─── Records for processing ───

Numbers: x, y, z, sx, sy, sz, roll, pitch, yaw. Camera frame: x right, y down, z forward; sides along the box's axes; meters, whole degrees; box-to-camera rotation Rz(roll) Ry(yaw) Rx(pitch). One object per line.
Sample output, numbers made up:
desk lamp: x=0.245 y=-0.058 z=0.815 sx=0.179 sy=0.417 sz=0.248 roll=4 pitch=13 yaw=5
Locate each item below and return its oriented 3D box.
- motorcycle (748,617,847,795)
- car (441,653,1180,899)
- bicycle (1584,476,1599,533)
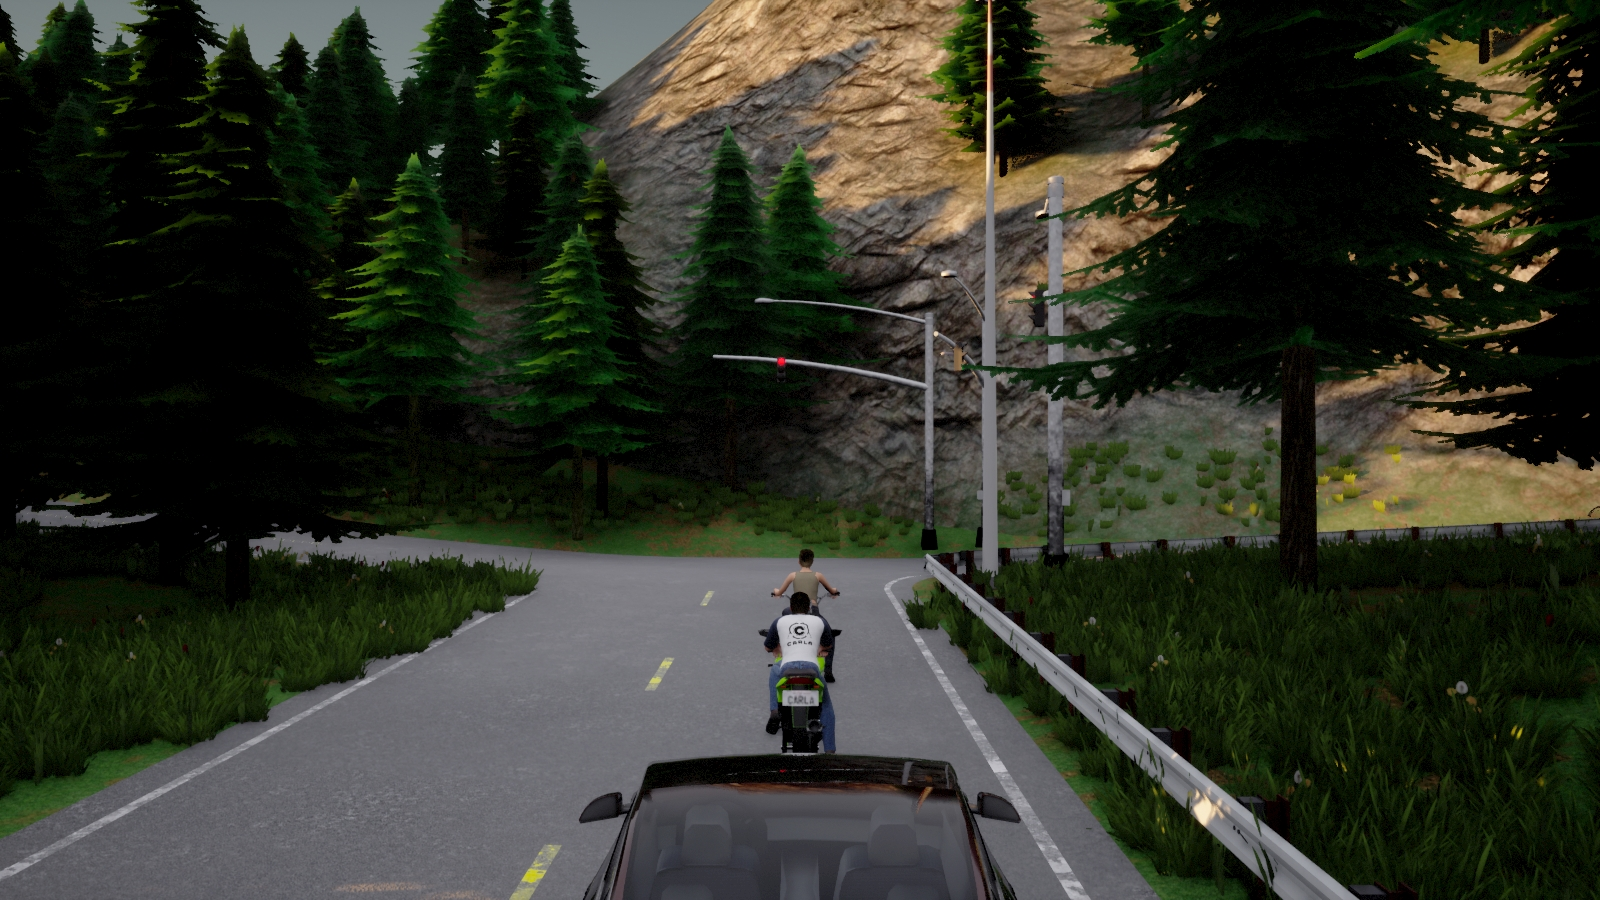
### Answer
motorcycle: x=-0.020 y=2.213 z=10.238 sx=0.803 sy=1.145 sz=2.033 roll=0 pitch=0 yaw=0
car: x=0.029 y=2.063 z=5.012 sx=2.163 sy=1.488 sz=4.792 roll=0 pitch=0 yaw=0
bicycle: x=21.502 y=1.375 z=29.584 sx=1.835 sy=1.471 sz=0.329 roll=-5 pitch=-2 yaw=26

───

Required action: Beginning with the first line of the entries, repeat each line exactly until you have reproduced the one containing "- car (441,653,1180,899)", and add nothing further.

Written answer:
Numbers: x, y, z, sx, sy, sz, roll, pitch, yaw. Camera frame: x right, y down, z forward; sides along the box's axes; meters, whole degrees; box-to-camera rotation Rz(roll) Ry(yaw) Rx(pitch). One object per line.
Sample output, numbers made up:
desk lamp: x=0.245 y=-0.058 z=0.815 sx=0.179 sy=0.417 sz=0.248 roll=4 pitch=13 yaw=5
Locate each item below and return its oriented 3D box.
- motorcycle (748,617,847,795)
- car (441,653,1180,899)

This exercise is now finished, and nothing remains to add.